Autotitrating BPAP works in a similar manner. Preset inspiratory and expiratory pressures are used. If the patient has a critical number of obstructive events, then the pressures automatically increase in a stepwise fashion. In some algorithms, if an obstructive apnea occurs, EPAP increases and if an obstructive hypopnea occurs, then IPAP increases. To maintain adequate minute ventilation, a minimum delta P (ie 4 cm H ₂ O) is set. In one study, autotitrating BPAP further improved ventilation and obstructive events in patients who were intolerant or unresponsive to CPAP ; however, it is unclear whether the improvement was caused by the BPAP or the autotitrating mode.

Comfort features

Variations in the pattern of airflow during PAP, such as pressure relief modes and ramps, have been developed to improve patient comfort and adherence. A pressure relief mode was developed for CPAP and BPAP, because inspiration and exhalation against high pressures can produce dyspnea. In this mode, gradual, instead of abrupt, changes are used to deliver airway pressure. For example, in pressure relief mode with CPAP, a small decrease in airway pressure accompanies the beginning of exhalation. Additional modifications soften the pressure transition from inhalation to exhalation. In BPAP with pressure relief, there is a decrease in airway pressure at the beginning of exhalation and softening of the pressure transition from inhalation to exhalation and exhalation to inhalation.

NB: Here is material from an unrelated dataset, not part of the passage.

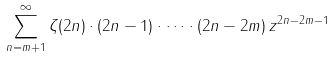Convert formula to latex. <formula><loc_0><loc_0><loc_500><loc_500>\sum _ { n = m + 1 } ^ { \infty } { \zeta { ( 2 n ) } \cdot ( 2 n - 1 ) \cdot \dots \cdot ( 2 n - 2 m ) \, z ^ { 2 n - 2 m - 1 } }</formula>

Studies have not consistently demonstrated that pressure relief when added to CPAP improves adherence or patient outcomes. BPAP with pressure relief was associated with better compliance than CPAP alone in patients previous noncompliant with CPAP ; however, it is unclear whether the improvement was caused by the pressure relief or BPAP. Device manufacturers have developed devices that are tailored for female patients; they include unique APAP algorithms and gender-specific masks. Another comfort feature is a ramp that is used with patients who require a more gradual increase in PAP. In this method, there is a slow, stepwise increase to target pressures in the beginning of the cycle (ie, for 0–45 minutes). Some devices may be set to shorten this ramp period if they detect obstructive events. Use of the ramp has not been demonstrated to improve patient adherence.